- Data in this exercise
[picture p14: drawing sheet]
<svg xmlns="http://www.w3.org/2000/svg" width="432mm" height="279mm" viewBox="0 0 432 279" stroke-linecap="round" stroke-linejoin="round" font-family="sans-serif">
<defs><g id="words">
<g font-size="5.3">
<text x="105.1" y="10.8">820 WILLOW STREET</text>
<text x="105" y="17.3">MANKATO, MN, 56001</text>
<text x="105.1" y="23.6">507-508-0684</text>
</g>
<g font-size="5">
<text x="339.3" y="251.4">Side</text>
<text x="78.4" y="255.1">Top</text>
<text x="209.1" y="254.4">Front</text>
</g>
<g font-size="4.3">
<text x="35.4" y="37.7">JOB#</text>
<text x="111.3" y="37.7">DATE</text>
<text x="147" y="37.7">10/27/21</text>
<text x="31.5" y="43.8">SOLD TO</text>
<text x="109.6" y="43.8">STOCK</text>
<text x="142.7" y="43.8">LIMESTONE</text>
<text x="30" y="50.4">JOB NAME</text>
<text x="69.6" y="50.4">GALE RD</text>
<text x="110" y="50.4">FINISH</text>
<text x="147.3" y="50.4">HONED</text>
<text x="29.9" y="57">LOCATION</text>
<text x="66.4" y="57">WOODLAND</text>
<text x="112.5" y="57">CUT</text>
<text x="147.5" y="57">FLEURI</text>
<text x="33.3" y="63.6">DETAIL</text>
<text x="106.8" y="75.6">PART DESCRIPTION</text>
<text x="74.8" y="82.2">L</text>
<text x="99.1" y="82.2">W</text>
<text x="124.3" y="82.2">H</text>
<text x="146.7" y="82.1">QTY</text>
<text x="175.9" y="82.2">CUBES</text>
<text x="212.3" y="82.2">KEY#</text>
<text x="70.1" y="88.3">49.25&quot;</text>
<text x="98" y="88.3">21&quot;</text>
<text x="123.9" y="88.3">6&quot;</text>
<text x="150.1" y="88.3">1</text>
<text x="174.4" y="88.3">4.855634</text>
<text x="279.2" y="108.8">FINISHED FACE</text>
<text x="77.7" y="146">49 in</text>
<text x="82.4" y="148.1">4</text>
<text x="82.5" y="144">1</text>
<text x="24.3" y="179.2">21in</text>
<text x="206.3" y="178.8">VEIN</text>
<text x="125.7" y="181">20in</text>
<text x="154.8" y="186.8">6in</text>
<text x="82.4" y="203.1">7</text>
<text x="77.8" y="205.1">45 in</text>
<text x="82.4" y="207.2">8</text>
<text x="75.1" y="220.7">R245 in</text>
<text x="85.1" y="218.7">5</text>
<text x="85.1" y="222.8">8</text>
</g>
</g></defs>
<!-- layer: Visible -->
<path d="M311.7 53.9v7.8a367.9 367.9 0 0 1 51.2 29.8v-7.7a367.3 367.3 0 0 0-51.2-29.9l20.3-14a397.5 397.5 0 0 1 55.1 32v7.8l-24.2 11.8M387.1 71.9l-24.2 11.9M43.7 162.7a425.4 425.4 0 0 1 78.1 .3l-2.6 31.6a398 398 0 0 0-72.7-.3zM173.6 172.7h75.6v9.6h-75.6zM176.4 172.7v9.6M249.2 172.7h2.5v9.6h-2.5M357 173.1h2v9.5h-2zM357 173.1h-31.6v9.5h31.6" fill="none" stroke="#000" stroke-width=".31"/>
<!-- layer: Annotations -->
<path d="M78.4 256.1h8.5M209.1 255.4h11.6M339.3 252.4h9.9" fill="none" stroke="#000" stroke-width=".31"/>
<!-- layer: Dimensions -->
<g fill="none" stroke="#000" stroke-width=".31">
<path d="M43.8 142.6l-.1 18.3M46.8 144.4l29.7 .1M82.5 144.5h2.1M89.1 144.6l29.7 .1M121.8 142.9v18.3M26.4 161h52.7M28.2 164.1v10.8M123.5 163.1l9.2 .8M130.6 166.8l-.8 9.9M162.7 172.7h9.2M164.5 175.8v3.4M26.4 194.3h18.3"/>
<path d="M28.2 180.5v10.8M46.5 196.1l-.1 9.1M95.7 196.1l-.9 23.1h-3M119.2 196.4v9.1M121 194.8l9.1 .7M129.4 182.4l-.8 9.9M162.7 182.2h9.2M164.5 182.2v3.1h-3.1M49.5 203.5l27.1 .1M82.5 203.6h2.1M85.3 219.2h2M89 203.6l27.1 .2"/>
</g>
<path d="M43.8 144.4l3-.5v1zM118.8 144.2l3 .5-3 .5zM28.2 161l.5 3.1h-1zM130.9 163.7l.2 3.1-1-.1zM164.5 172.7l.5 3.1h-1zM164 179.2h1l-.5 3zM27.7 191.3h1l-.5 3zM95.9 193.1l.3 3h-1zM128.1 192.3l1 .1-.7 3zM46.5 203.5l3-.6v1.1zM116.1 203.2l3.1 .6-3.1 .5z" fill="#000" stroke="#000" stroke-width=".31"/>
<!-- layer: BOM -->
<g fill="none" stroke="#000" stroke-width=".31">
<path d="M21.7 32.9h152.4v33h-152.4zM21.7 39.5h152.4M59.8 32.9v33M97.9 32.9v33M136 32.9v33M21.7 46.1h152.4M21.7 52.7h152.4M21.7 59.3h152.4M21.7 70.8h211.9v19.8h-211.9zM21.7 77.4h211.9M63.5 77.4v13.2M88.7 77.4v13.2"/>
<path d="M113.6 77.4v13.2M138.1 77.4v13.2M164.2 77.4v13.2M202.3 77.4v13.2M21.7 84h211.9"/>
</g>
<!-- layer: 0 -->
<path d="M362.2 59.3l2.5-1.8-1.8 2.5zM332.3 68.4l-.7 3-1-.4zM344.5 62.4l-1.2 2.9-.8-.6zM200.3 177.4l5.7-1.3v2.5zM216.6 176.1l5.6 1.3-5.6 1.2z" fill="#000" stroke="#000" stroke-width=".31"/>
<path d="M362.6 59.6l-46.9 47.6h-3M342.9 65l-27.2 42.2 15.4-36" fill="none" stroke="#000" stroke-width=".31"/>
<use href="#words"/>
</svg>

- Brief
In the listing above, find the line holding "<!-- layer: Dimensions -->" and the line holding "142.6l-.1 18.3M46.8 144.4l29.7", then output those two lines and every line between them exactly.

- Exercise result
<!-- layer: Dimensions -->
<g fill="none" stroke="#000" stroke-width=".31">
<path d="M43.8 142.6l-.1 18.3M46.8 144.4l29.7 .1M82.5 144.5h2.1M89.1 144.6l29.7 .1M121.8 142.9v18.3M26.4 161h52.7M28.2 164.1v10.8M123.5 163.1l9.2 .8M130.6 166.8l-.8 9.9M162.7 172.7h9.2M164.5 175.8v3.4M26.4 194.3h18.3"/>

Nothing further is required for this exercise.